Francisco Valverde-López et al. Ann Gastroenterol. 2020 May-Jun.

Abstract

Background: Endoscopic ultrasound (EUS) is useful in the diagnostic workup of idiopathic acute pancreatitis but its role as a predictor of recurrence has not been thoroughly assessed. Our aim was to study the performance of EUS in idiopathic acute pancreatitis, its impact on the natural history of the disease, and the factors related to recurrence.

Methods: Patients with idiopathic acute pancreatitis referred to our endoscopy unit were enrolled and followed, with assessment of the performance of endoscopic retrograde cholangiopancreatography (ERCP), cholecystectomy, and the incidence of recurrence. EUS findings and recurrence rates were compared between patients with a first episode or recurrent attacks and in patients with previous cholecystectomy versus those with gallbladder in situ.
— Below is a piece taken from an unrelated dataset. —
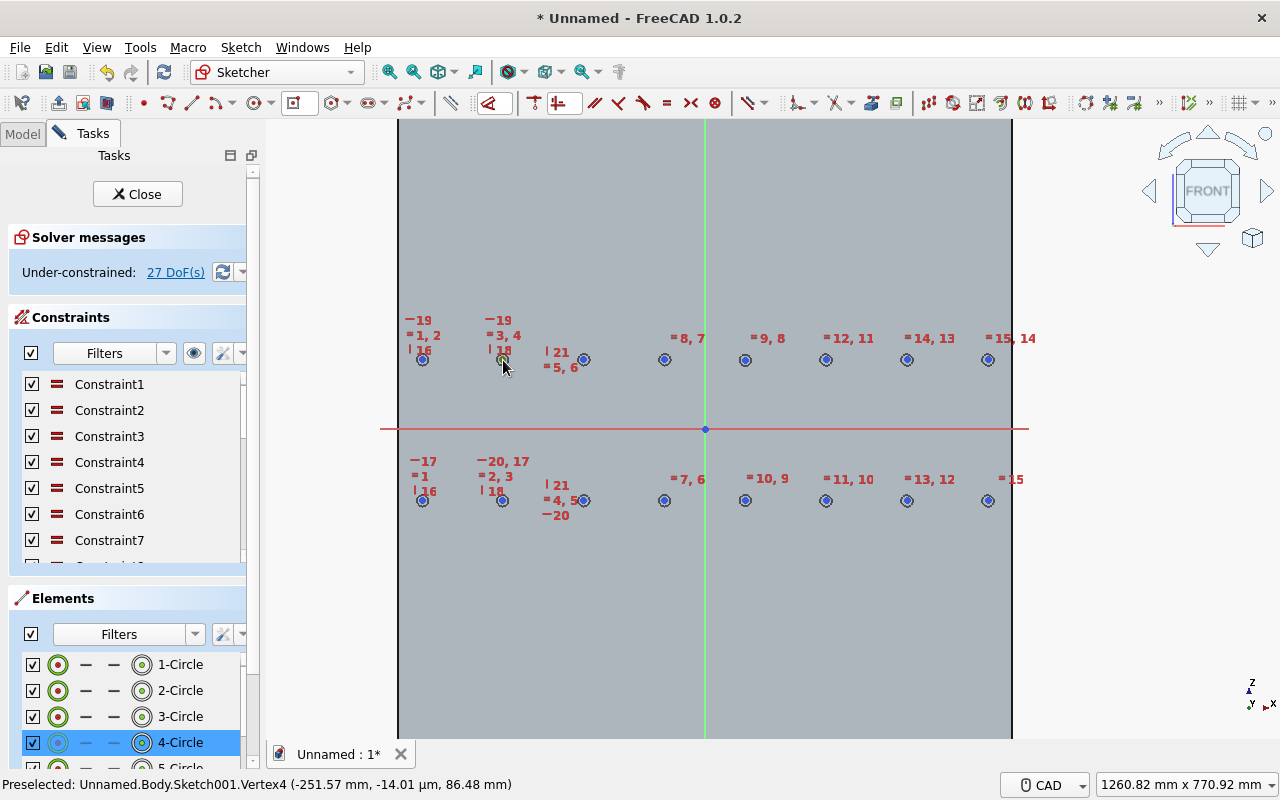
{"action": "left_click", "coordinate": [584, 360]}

Results: One hundred six patients were included (mean follow up: 53.59±27.79 months). Biliary disease related to stones was the most common finding on EUS (49.1%), and patients referred for recurrent attacks showed the highest recurrence rate during follow up (57.1%). ERCP or cholecystectomy reduced recurrences to 14.3% in patients with biliary disease. Age under 65 (odds ratio [OR] 3.56, 95% confidence interval [CI] 1.21-10.44; P=0.02), previous cholecystectomy (OR 3.19, 95%CI 1.11-9.17; P=0.03), and no lithiasis on EUS (OR 2.87, 95%CI 1.04-7.87; P=0.04) were independent risks factors for recurrence.

Conclusions: EUS-directed ERCP/cholecystectomy was associated with lower relapse rates in idiopathic acute pancreatitis. Along with age and gallbladder status, it provides predictive information about recurrence likelihood.

Keywords: Endosonography; pancreatitis; recurrence.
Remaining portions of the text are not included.